25 Years Ago: All of the Mt. Airy business men and women, together with members of the clergy and representatives of various newspapers, met at the Town Office this morning, Wednesday, March 12th, to meet and greet the newly assigned Mt. Airy State Trooper.
Trooper Larry Smith, together with other troopers from the Frederick Barracks, and Mayor Lewis Dixon, greeted all who stopped by the Town Office and answered any questions that were presented.
Trooper Larry Smith is now permanently assigned to Mt. Airy where he will be on duty forty hours a week on a regular basis, working out of the Town Office. In other words, he is assigned to the Town of Mt. Airy on a full-time basis. This assignment fills a long-time need and citizens of Mt. Airy are delighted with this accomplishment.
Mayor Dixon and members of the Town Council are to be congratulated on this achievement. Citizens of Mt. Airy are delighted with this protection.

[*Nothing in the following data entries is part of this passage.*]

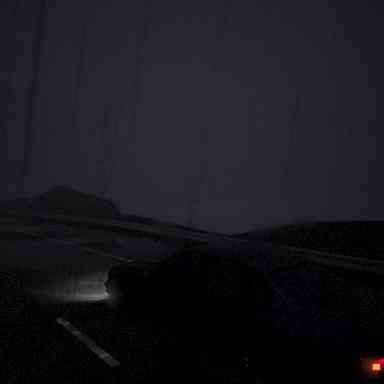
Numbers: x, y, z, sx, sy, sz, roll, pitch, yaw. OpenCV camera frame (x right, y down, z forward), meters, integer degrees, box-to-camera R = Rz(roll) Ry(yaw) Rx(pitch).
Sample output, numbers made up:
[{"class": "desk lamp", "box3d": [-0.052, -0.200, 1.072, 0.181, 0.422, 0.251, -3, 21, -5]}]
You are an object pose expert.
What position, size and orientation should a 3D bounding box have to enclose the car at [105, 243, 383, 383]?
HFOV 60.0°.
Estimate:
[{"class": "car", "box3d": [0.590, 1.548, 5.244, 2.033, 1.411, 5.357, 0, 0, -41]}]

Larry Smith is a resident of Ijamsville. He has been assigned to Mt. Airy from the Frederick Barracks. He is very personable and no doubt will be most helpful to all in this area. Mt. Airy is very happy to have you on board, Larry Smith!
--The Community Reporter, March 14, 1975
50 Years Ago: House Bill No. 81, The Carroll County Carnival Bill, was passed the Maryland Legislature which adjourned, on Thursday, March 2nd. This bill was introduced by the Carroll County delegation on February 1, and this bill carries a limitation on prizes as well as chance books. It also carries a referendum, to be voted upon at the next general election with privilege to operate under the provisions of the bill until accepted or rejected by the voters of the county. It also has some control as a permit must be secured from the Board of County commissioners. It carries a provision that business has to be closed at nil 'dnight on Saturday and not to operate on Sunday.
If the new law is signed by the Governor the various fire companies and veteran organizations will be able to hold carnivals at least this summer.
In explaining their stand on this piece of legislation the Carroll Delegates said: We have tried to make a law not to conservative or not too liberal. A law of this kind without some restrictions or controls Would make our country a nest of gamblers. With as fine a county as we now have ranking about the thirdrichest agricultural county in our nation. We certainly do not want such gambling conditions to exist.
--Democratic Advocate, March 10, 1950
75 Years Ago: The residence and store, with all contents, of John Leisure, of Louisville, near Gamber, was totally destroyed by fire at 1 o'clock this morning.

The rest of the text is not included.